Exercise objective
Exclude the pictures, then repeat the remaining data exactly.

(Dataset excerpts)
━━━

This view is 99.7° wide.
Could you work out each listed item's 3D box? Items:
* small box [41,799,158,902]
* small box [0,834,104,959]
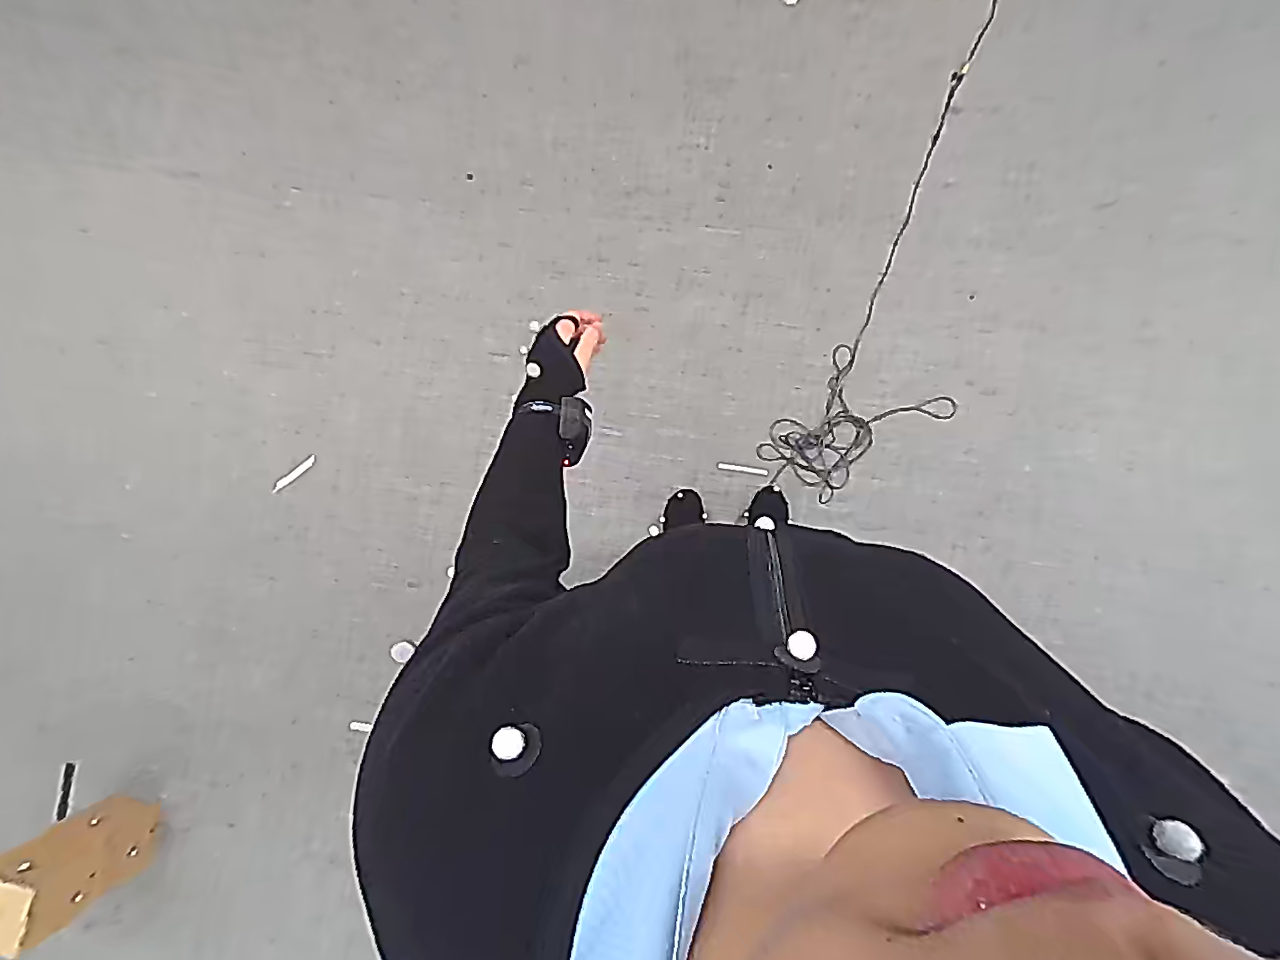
[{"bbox_3d":[-1.502,1.021,1.504,0.179,0.176,0.168,6,87,5],"label":"small box"},{"bbox_3d":[-1.511,1.019,1.341,0.179,0.176,0.168,13,88,4],"label":"small box"}]

━━━

Answer to this task
This view is 99.7° wide.
Could you work out each listed item's 3D box? Items:
* small box [41,799,158,902]
* small box [0,834,104,959]
[{"bbox_3d":[-1.502,1.021,1.504,0.179,0.176,0.168,6,87,5],"label":"small box"},{"bbox_3d":[-1.511,1.019,1.341,0.179,0.176,0.168,13,88,4],"label":"small box"}]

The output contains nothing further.